┌─ Provided entries
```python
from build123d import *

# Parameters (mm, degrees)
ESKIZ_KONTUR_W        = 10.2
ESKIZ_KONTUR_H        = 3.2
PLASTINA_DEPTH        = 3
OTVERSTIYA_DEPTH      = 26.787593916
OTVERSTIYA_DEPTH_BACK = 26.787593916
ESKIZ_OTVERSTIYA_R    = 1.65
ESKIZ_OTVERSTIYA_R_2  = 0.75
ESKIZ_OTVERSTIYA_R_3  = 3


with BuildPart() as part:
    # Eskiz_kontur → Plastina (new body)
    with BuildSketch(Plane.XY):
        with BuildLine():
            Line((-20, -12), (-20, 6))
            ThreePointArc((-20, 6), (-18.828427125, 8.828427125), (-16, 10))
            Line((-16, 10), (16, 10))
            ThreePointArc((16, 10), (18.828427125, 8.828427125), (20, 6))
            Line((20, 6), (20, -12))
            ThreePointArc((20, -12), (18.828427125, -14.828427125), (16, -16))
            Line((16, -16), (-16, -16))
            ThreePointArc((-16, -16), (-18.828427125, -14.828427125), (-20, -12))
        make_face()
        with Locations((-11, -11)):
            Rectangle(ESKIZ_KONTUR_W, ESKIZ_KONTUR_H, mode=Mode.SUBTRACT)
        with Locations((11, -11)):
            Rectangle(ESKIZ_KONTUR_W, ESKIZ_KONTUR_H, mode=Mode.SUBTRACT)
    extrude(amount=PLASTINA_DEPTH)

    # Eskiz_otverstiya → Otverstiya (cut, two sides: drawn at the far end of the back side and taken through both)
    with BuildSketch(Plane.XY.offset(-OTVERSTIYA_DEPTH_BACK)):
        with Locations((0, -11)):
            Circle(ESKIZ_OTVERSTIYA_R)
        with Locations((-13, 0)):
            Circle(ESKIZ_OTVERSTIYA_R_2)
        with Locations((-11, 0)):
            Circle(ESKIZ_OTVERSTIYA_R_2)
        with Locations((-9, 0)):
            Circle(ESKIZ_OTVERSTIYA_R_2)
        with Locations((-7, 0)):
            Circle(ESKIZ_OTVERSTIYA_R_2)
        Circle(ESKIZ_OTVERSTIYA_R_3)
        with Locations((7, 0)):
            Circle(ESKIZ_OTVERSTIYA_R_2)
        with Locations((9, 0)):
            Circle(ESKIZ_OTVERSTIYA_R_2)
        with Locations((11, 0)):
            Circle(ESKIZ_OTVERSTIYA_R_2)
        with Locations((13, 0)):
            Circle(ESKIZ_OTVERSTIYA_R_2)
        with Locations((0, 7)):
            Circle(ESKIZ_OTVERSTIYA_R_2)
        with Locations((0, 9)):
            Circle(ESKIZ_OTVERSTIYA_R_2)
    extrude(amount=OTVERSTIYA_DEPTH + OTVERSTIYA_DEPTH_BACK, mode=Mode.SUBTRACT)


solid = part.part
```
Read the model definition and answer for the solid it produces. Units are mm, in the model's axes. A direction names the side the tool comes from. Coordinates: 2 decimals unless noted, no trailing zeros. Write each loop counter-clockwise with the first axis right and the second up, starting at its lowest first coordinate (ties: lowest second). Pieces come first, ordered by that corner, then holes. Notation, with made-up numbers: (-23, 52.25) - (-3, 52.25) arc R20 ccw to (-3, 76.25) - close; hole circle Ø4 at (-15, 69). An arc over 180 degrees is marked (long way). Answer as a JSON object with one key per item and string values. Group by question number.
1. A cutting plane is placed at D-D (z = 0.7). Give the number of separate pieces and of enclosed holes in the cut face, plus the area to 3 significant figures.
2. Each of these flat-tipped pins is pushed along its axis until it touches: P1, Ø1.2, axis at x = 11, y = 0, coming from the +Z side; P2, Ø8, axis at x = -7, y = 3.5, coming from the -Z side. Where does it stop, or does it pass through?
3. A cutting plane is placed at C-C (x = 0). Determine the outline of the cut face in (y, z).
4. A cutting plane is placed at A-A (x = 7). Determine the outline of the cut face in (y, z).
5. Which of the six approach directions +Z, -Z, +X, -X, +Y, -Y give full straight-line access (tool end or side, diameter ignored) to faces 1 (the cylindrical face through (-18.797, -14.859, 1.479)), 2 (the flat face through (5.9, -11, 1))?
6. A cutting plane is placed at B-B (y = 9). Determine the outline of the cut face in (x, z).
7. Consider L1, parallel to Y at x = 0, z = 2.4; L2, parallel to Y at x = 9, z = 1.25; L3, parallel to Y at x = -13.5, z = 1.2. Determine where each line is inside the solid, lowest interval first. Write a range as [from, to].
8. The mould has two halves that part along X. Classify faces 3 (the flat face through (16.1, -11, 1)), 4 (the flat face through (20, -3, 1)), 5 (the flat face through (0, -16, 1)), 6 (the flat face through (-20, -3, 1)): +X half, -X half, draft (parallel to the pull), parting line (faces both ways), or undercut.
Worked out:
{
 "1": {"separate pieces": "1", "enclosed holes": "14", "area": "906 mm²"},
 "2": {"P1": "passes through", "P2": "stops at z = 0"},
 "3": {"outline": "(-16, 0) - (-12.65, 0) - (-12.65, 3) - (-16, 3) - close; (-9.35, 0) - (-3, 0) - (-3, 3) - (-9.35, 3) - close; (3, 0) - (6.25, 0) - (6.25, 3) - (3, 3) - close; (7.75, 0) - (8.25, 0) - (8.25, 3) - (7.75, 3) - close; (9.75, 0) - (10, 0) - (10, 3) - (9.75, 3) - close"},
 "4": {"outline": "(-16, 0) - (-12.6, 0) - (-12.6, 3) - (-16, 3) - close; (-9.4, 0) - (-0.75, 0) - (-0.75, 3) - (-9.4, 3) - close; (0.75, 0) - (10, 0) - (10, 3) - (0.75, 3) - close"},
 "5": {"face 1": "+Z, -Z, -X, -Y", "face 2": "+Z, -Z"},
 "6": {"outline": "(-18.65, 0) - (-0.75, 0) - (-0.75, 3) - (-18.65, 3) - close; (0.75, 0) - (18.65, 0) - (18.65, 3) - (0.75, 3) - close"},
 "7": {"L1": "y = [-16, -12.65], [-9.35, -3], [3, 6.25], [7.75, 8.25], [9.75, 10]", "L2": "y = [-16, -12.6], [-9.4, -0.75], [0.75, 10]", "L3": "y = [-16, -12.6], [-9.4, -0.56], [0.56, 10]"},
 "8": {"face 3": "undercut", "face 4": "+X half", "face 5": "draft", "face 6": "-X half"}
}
└─
What needs to be done: Go line by line through the data and copy any that contain "solid".

Exercise result:
solid = part.part
Read the model definition and answer for the solid it produces. Units are mm, in the model's axes. A direction names the side the tool comes from. Coordinates: 2 decimals unless noted, no trailing zeros. Write each loop counter-clockwise with the first axis right and the second up, starting at its lowest first coordinate (ties: lowest second). Pieces come first, ordered by that corner, then holes. Notation, with made-up numbers: (-23, 52.25) - (-3, 52.25) arc R20 ccw to (-3, 76.25) - close; hole circle Ø4 at (-15, 69). An arc over 180 degrees is marked (long way). Answer as a JSON object with one key per item and string values. Group by question number.
7. Consider L1, parallel to Y at x = 0, z = 2.4; L2, parallel to Y at x = 9, z = 1.25; L3, parallel to Y at x = -13.5, z = 1.2. Determine where each line is inside the solid, lowest interval first. Write a range as [from, to].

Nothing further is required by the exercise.